» WHAT NEEDS TO BE DONE: Give back exactly the lines of the material below that start at the line containing "Answer: 125 Compare" and end at the line containing "Answer: Companion Seating", and no others.

====== DATA FOR PROCESSING ======

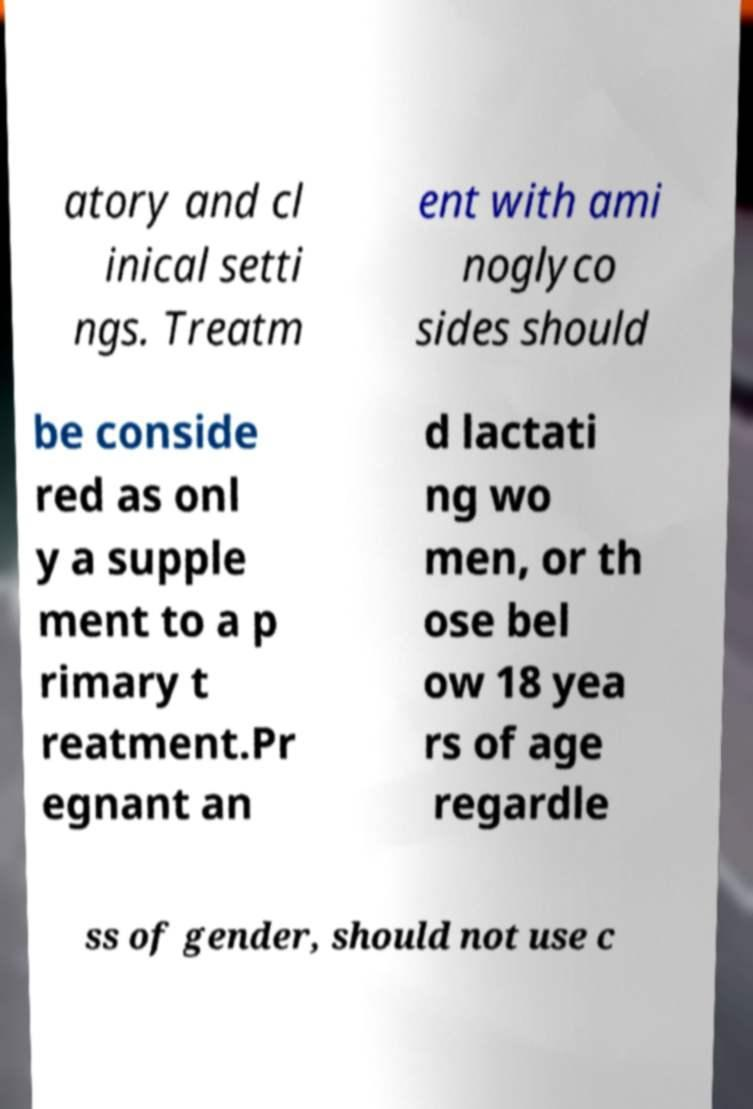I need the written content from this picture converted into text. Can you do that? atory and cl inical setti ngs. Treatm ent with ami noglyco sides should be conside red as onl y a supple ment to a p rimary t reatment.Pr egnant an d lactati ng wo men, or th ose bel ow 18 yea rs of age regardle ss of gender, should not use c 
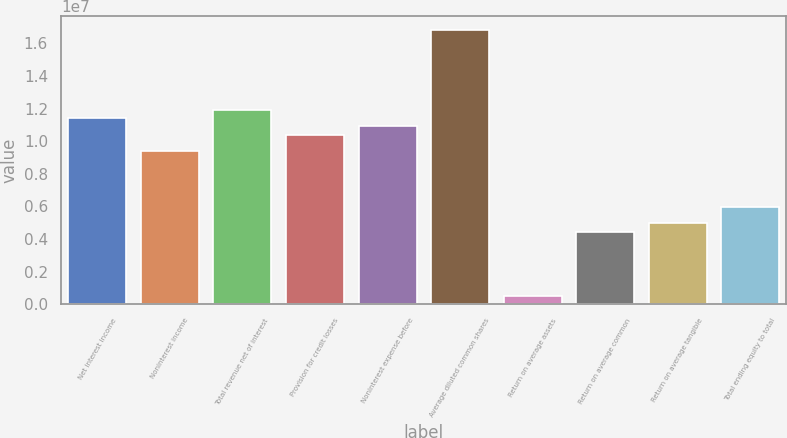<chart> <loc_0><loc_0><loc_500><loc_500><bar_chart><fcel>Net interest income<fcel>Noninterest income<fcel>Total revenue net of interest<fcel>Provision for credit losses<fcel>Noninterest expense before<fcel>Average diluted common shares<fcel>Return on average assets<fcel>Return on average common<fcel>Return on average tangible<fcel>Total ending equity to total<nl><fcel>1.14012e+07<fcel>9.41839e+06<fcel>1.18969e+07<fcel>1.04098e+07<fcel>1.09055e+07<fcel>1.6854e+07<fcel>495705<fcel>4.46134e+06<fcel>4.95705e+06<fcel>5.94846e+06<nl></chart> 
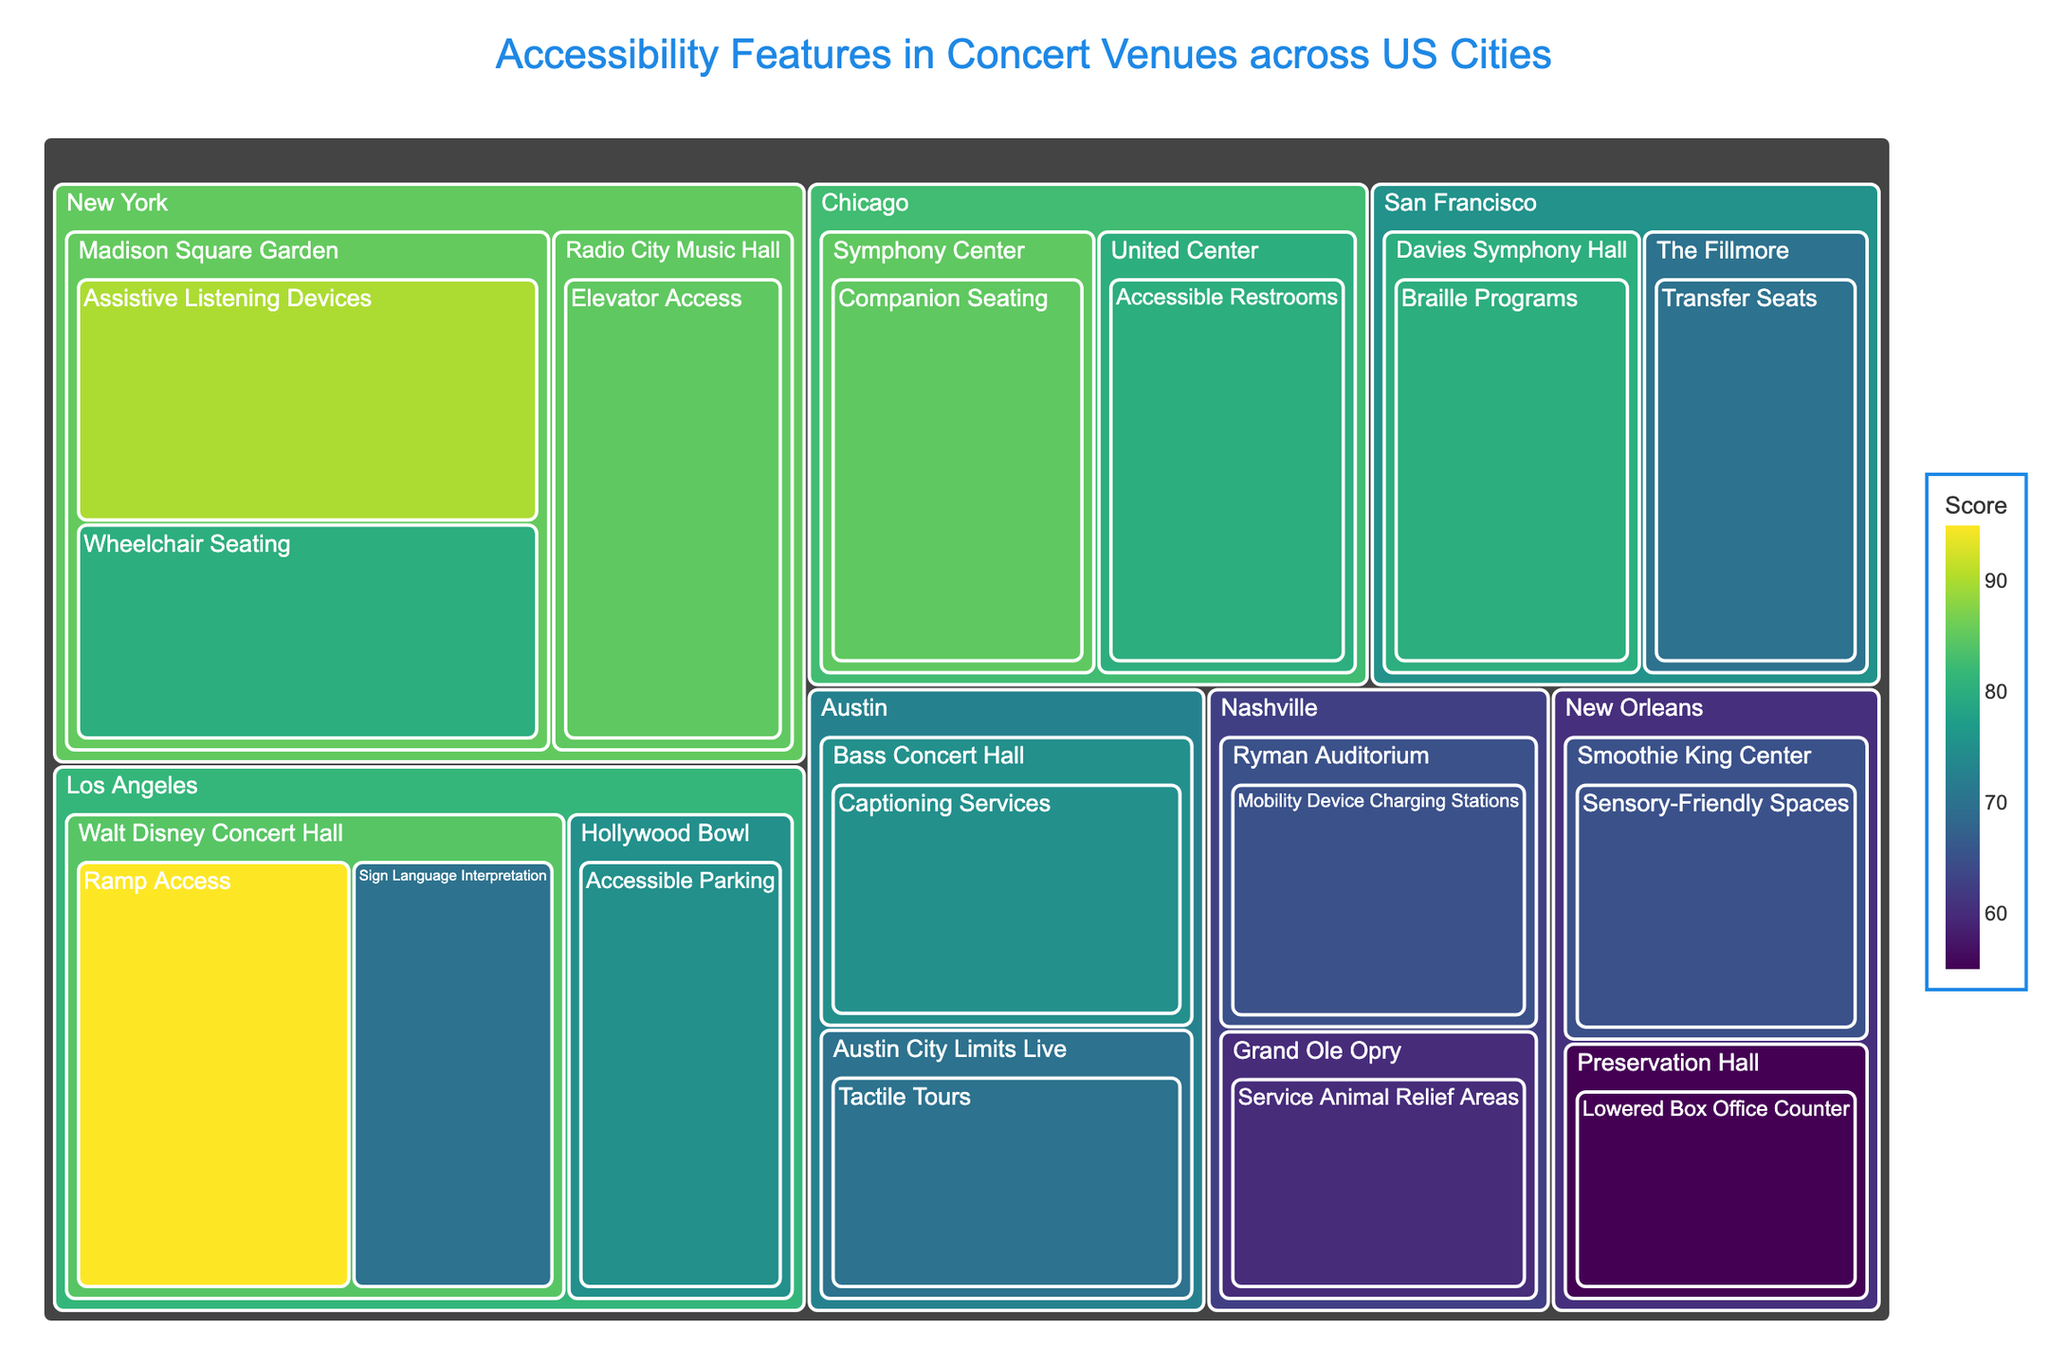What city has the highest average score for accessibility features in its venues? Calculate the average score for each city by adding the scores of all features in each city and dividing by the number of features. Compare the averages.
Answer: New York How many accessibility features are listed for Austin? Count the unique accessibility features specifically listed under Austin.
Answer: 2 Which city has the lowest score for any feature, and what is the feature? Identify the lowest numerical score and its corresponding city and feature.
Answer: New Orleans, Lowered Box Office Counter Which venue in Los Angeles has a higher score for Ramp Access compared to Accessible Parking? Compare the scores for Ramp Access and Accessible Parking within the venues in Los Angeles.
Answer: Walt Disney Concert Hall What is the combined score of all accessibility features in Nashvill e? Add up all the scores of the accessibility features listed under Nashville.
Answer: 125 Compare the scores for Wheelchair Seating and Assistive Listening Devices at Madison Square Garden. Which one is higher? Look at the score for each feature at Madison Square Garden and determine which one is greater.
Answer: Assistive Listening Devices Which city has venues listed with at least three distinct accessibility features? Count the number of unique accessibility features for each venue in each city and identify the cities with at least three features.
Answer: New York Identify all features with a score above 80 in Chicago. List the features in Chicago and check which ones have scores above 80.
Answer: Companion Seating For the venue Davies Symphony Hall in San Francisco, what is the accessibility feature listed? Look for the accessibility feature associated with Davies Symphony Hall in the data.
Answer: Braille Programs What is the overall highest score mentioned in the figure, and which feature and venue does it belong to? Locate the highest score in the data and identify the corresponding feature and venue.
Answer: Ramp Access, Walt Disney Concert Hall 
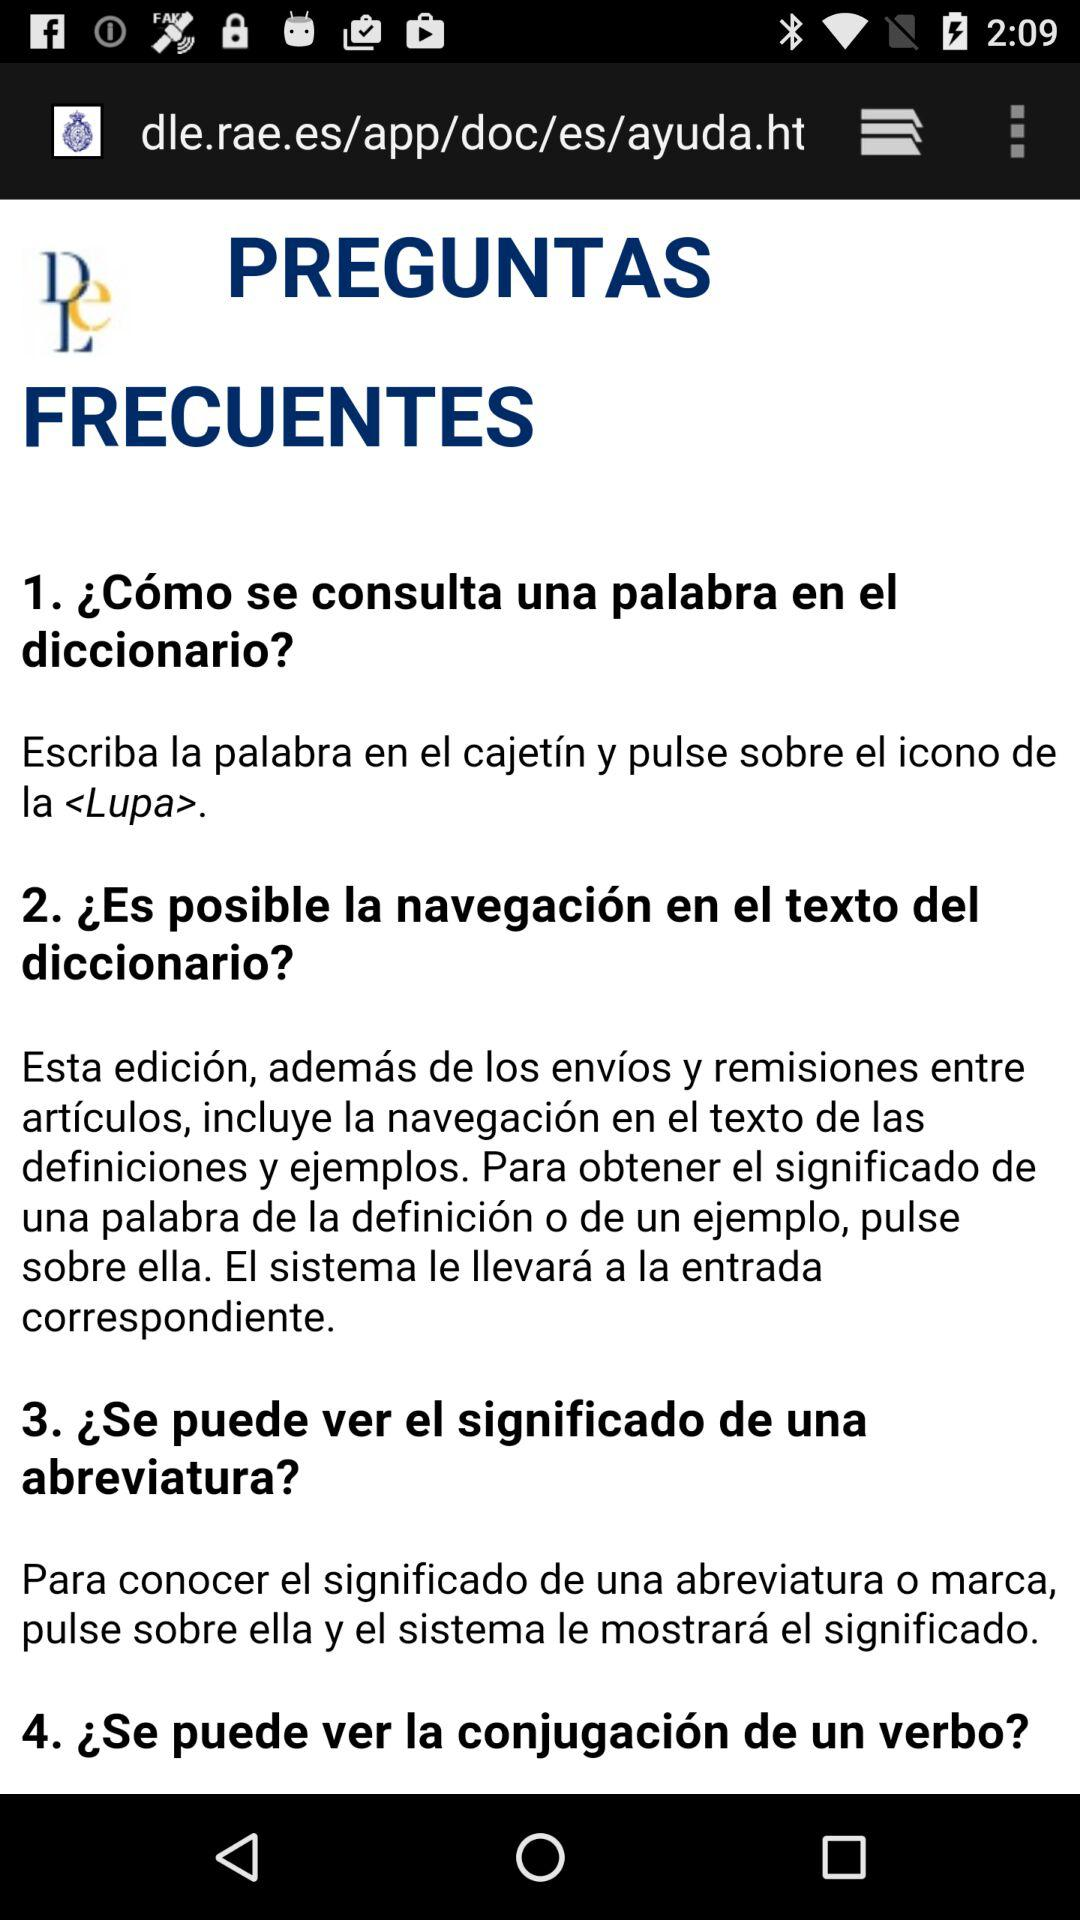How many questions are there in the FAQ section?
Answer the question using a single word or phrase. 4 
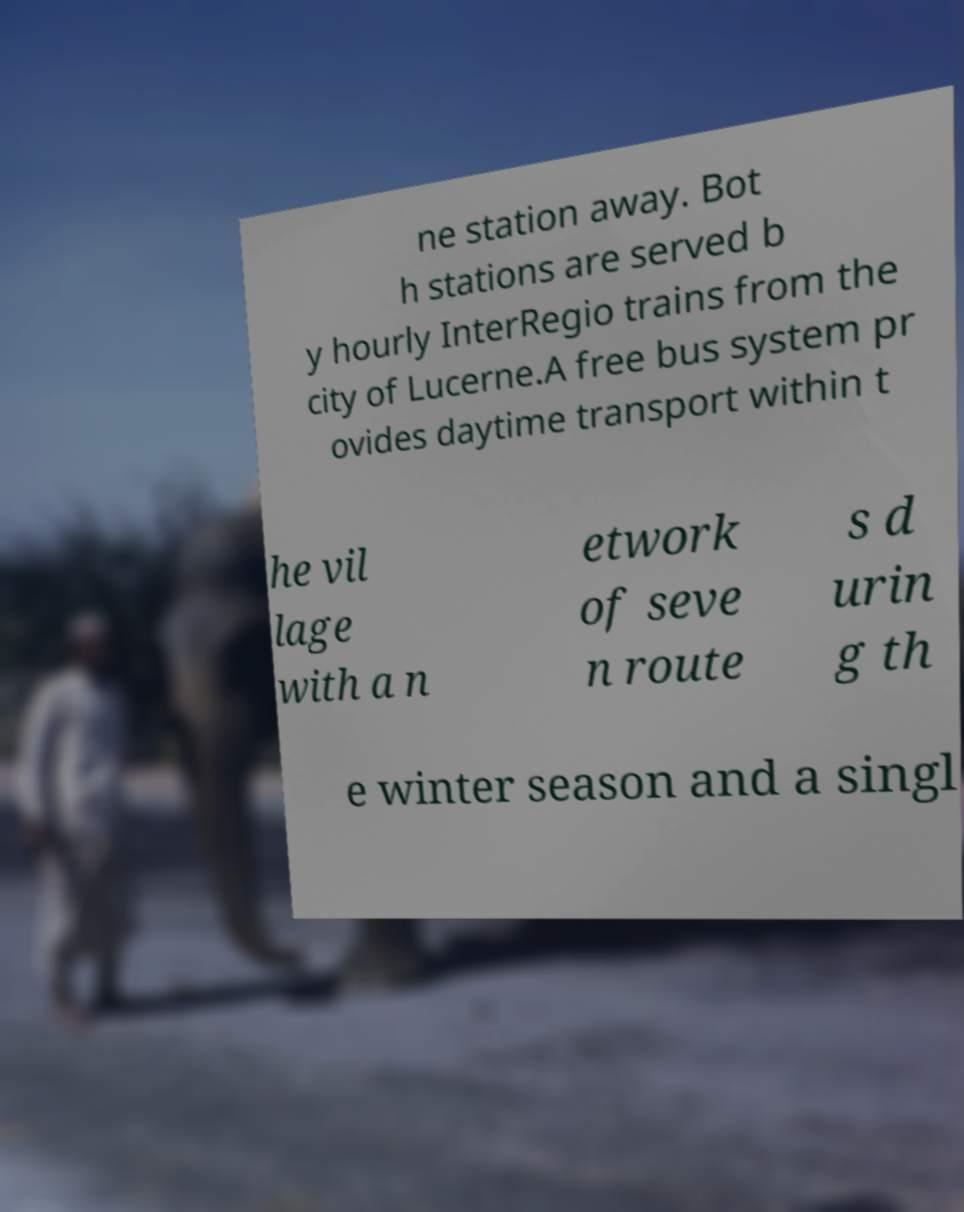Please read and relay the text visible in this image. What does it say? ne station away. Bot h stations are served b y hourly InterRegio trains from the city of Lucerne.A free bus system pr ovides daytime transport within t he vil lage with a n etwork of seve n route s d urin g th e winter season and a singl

======

» OUTPUT FOR THIS EXERCISE:
Answer: 125 Compare the scores for Wheelchair Seating and Assistive Listening Devices at Madison Square Garden. Which one is higher? Look at the score for each feature at Madison Square Garden and determine which one is greater.
Answer: Assistive Listening Devices Which city has venues listed with at least three distinct accessibility features? Count the number of unique accessibility features for each venue in each city and identify the cities with at least three features.
Answer: New York Identify all features with a score above 80 in Chicago. List the features in Chicago and check which ones have scores above 80.
Answer: Companion Seating For the venue Davies Symphony Hall in San Francisco, what is the accessibility feature listed? Look for the accessibility feature associated with Davies Symphony Hall in the data.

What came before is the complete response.